Question

Find orthogonal trajectory of x2+y2+2gx+c=0

Answer 1

x² + y² + 2gx + c = 0 ----------(1)

Differentiating w.r.t. x, we get:

2x + 2y(dy/dx) + 2g = 0

==> 2g = -( 2x + 2y(dy/dx) )

Substituting this value in eq(1), we get:

x² + y² - x[ 2x + 2y(dy/dx) ] + c = 0 ----------(2)

x² + y² - 2x² - 2xy(dy/dx) + c = 0

Replacing dy/dx by -dx/dy -->

x² + y² - 2x² + 2xy(dx/dy) + c = 0

y² - x² + 2xy(dx/dy) + c = 0

y²dy- x²dy+ 2xydx + cdy = 0

2xydx + ( y²- x² + c )dy = 0 ----------(3)

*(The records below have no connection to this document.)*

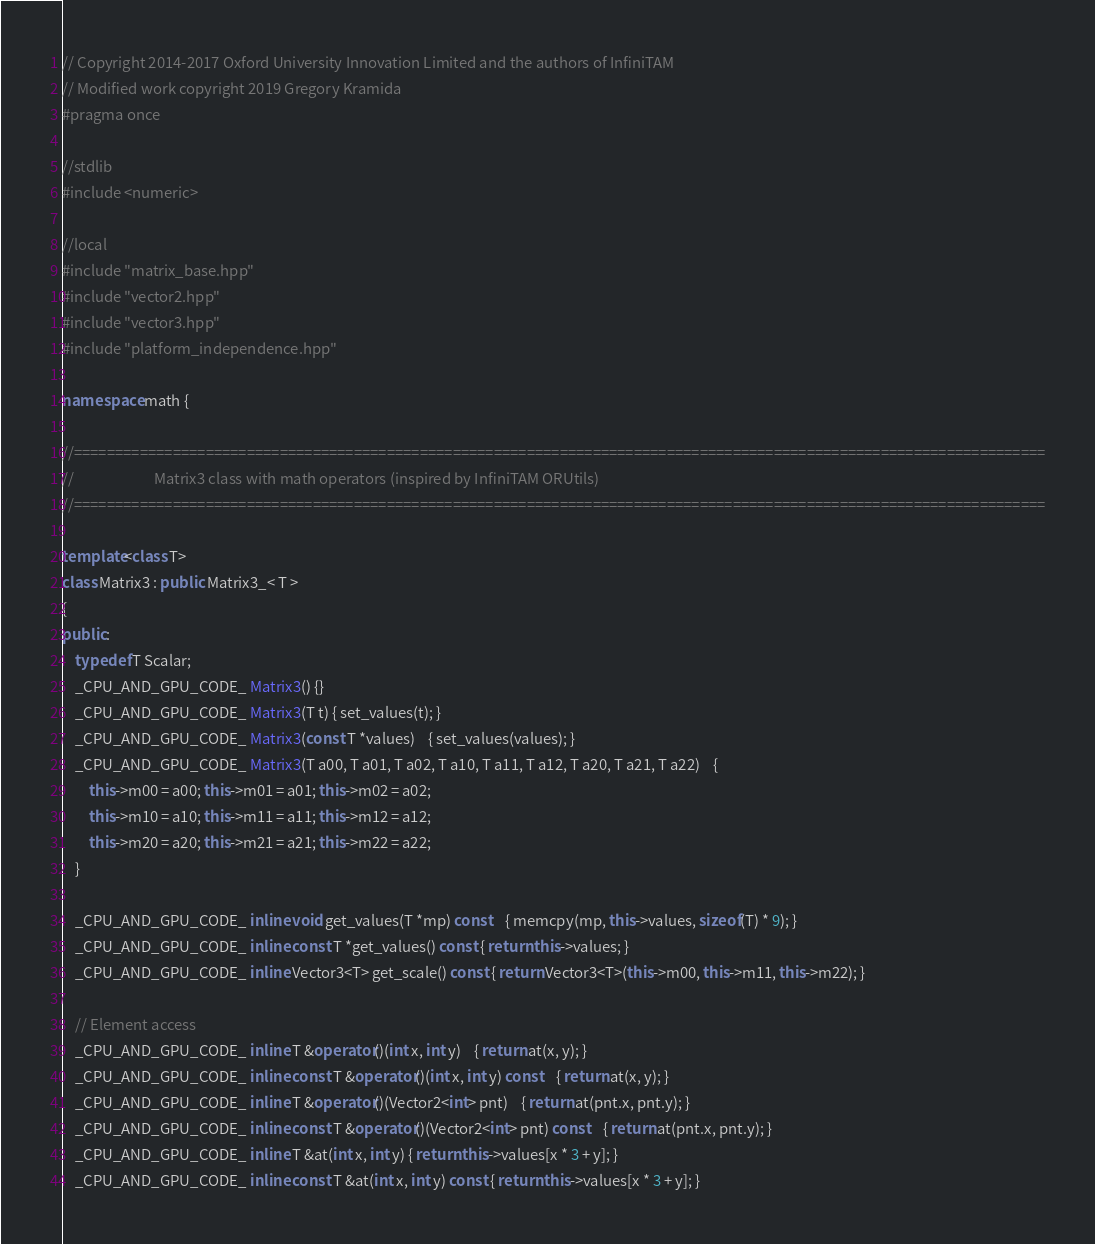Convert code to text. <code><loc_0><loc_0><loc_500><loc_500><_C++_>// Copyright 2014-2017 Oxford University Innovation Limited and the authors of InfiniTAM
// Modified work copyright 2019 Gregory Kramida
#pragma once

//stdlib
#include <numeric>

//local
#include "matrix_base.hpp"
#include "vector2.hpp"
#include "vector3.hpp"
#include "platform_independence.hpp"

namespace math {

//======================================================================================================================
//                        Matrix3 class with math operators (inspired by InfiniTAM ORUtils)
//======================================================================================================================

template<class T>
class Matrix3 : public Matrix3_< T >
{
public:
	typedef T Scalar;
	_CPU_AND_GPU_CODE_ Matrix3() {}
	_CPU_AND_GPU_CODE_ Matrix3(T t) { set_values(t); }
	_CPU_AND_GPU_CODE_ Matrix3(const T *values)	{ set_values(values); }
	_CPU_AND_GPU_CODE_ Matrix3(T a00, T a01, T a02, T a10, T a11, T a12, T a20, T a21, T a22)	{
		this->m00 = a00; this->m01 = a01; this->m02 = a02;
		this->m10 = a10; this->m11 = a11; this->m12 = a12;
		this->m20 = a20; this->m21 = a21; this->m22 = a22;
	}

	_CPU_AND_GPU_CODE_ inline void get_values(T *mp) const	{ memcpy(mp, this->values, sizeof(T) * 9); }
	_CPU_AND_GPU_CODE_ inline const T *get_values() const { return this->values; }
	_CPU_AND_GPU_CODE_ inline Vector3<T> get_scale() const { return Vector3<T>(this->m00, this->m11, this->m22); }

	// Element access
	_CPU_AND_GPU_CODE_ inline T &operator()(int x, int y)	{ return at(x, y); }
	_CPU_AND_GPU_CODE_ inline const T &operator()(int x, int y) const	{ return at(x, y); }
	_CPU_AND_GPU_CODE_ inline T &operator()(Vector2<int> pnt)	{ return at(pnt.x, pnt.y); }
	_CPU_AND_GPU_CODE_ inline const T &operator()(Vector2<int> pnt) const	{ return at(pnt.x, pnt.y); }
	_CPU_AND_GPU_CODE_ inline T &at(int x, int y) { return this->values[x * 3 + y]; }
	_CPU_AND_GPU_CODE_ inline const T &at(int x, int y) const { return this->values[x * 3 + y]; }
</code> 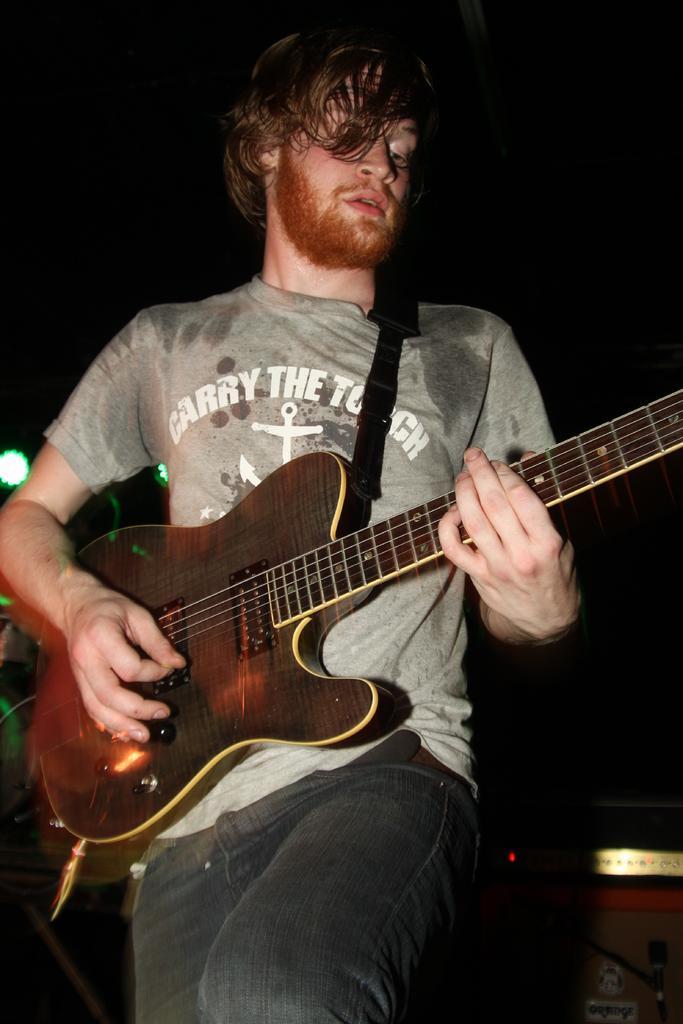Please provide a concise description of this image. In this picture there is a person playing guitar, behind him there are music control systems. At the top, in the background it is dark.

Eq(3) is of type 3 equation:

Thus,

Here M = 2xy and N =  y²- x² + c

dN/dx = -2x

dM/dy = 2x

₍N_x - M_y ) / M = (-2x - 2x) / 2xy

= -4x / 2xy

= -2 / y

I.F. = e^{∫-2/y dy} = e^-2logy = e^{log y^(-2)} = y^-2 = 1/y²

Multiplying I.F. with eq(3)

(1/y2) [2xydx + ( y²- x² + c )dy  = 0 ]

2x/y dx + (1 - (x/y)² +cy^-2) dy = 0 ---------(4)

This is now an exact first order differential equation, so the solution of this equation is 

∫_{y constant} Mdx + ∫(terms not containing x) = c

In eq(4), M = 2x/y

∫2x/y dx + ∫(1+cy) dy = c

x²/y + y -c/y = c

x² + y² - c = cy

x² + y² -cy - c = 0

The general equation of circle is x² + y² +2gx - 2fy + c = 0

Thus, x² + y² - (-2f)y - c = 0

x² + y² + 2fy - c = 0

This is the required orthognal trajectory of the eq(1).